Aber der kluge Richter, der die Ehrlichkeit des einen und die schlechte
Gesinnung des andern zum voraus zu kennen schien, griff die Sache so
an: er liess sich von beiden über das, was sie aussagten, eine feste
und feierliche Versicherung geben, und tat hierauf folgenden
Ausspruch:
"Demnach, und wenn der eine von euch 800 Taler verloren,
der andere aber nur ein Päcklein mit 700 Talern gefunden hat, so
kann auch das Geld des letztern nicht das nämliche sein, auf welches
der erstere ein Recht hat. Du, ehrlicher Freund, nimmst also das
Geld, welches du gefunden hast, wieder zurück, und behältst es in
guter Verwahrung, bis der kommt, welcher nur 700 Taler verloren hat.
Und dir da weiss ich keinen Rat, als du geduldest dich, bis
derjenige sich meldet, der deine 800 Taler findet."

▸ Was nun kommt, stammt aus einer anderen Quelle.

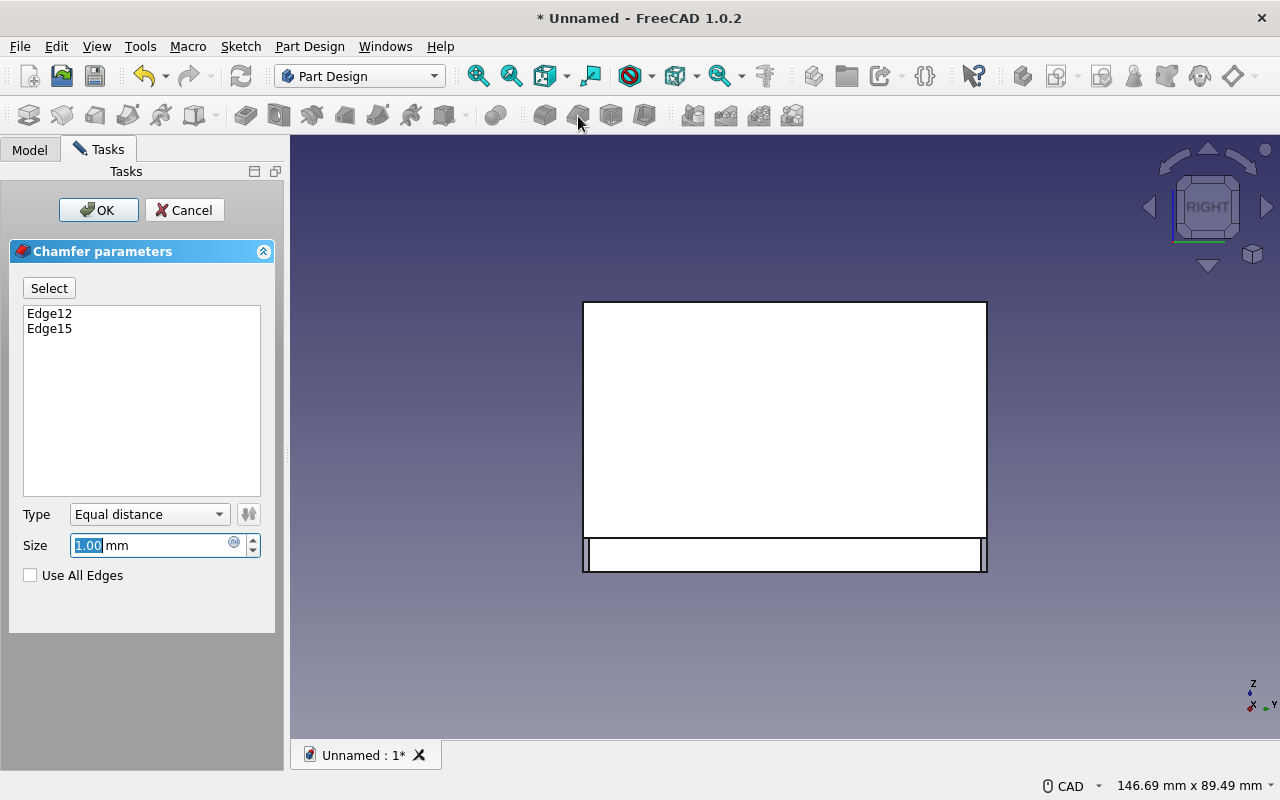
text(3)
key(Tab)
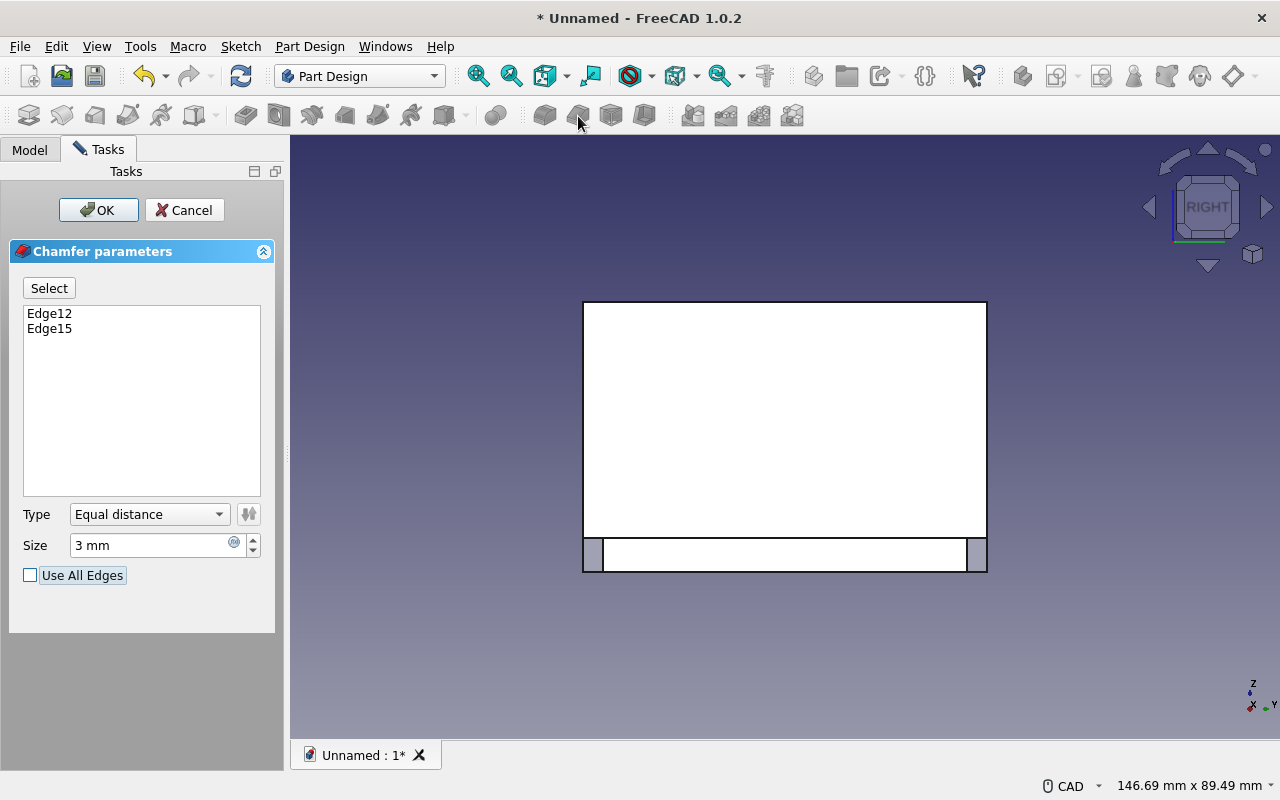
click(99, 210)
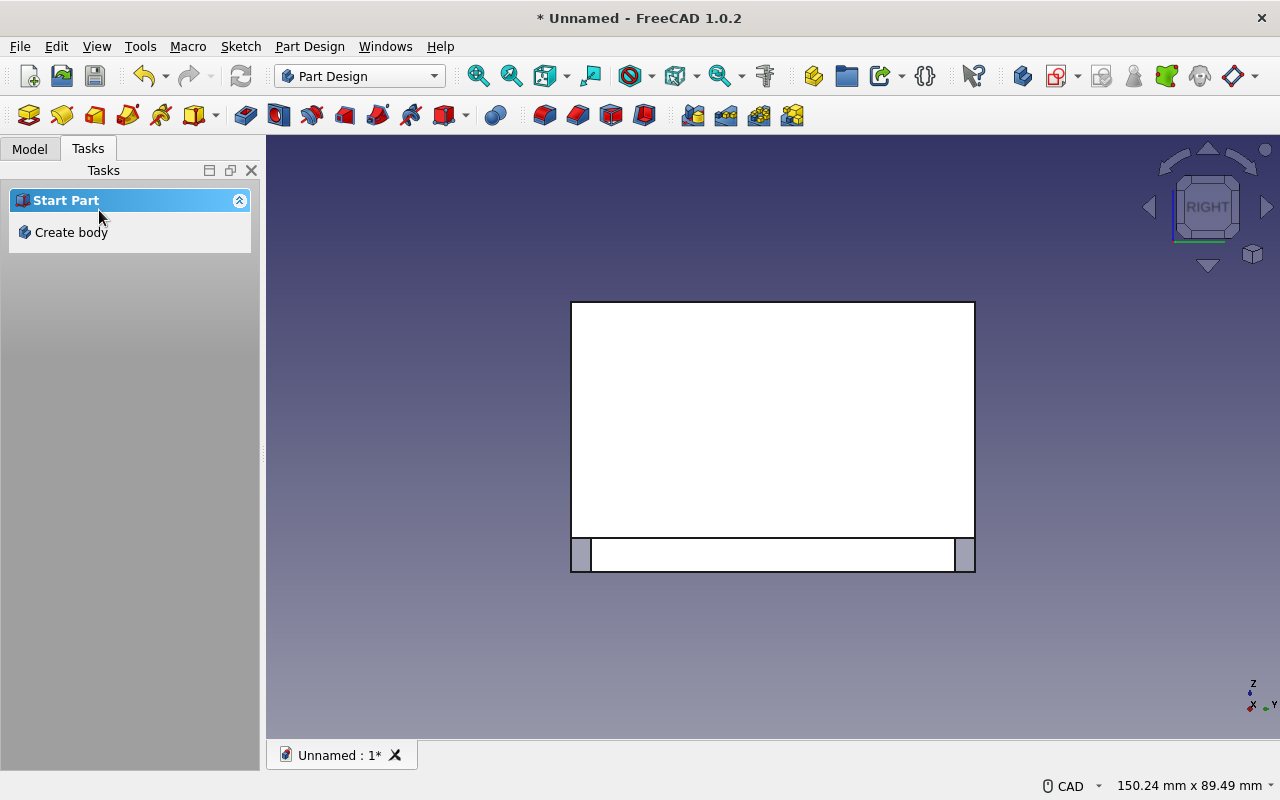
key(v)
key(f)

So sprach der Richter, und dabei blieb es. ---

Würde ein Richter heute so urteilen (können)?
Wohl kaum. Das Geld würde voraussichtlich konfisziert, und meldete sich kein Besitzer, so würde es – man ahnt es schon – der Stadtkasse einverleibt, minus einem mageren Finderlohn.

Aber worum es geht ist: Wenn man – getrieben von Gier – andere um die verdiente Belohnung bringen will, kann das auch daneben gehen.

Und: Man wünscht sich auch hierzulande kluge und weise Richter.

In diesem Sinne wünsche ich allen ein entspanntes, klug gestaltetes Sommerwochenende!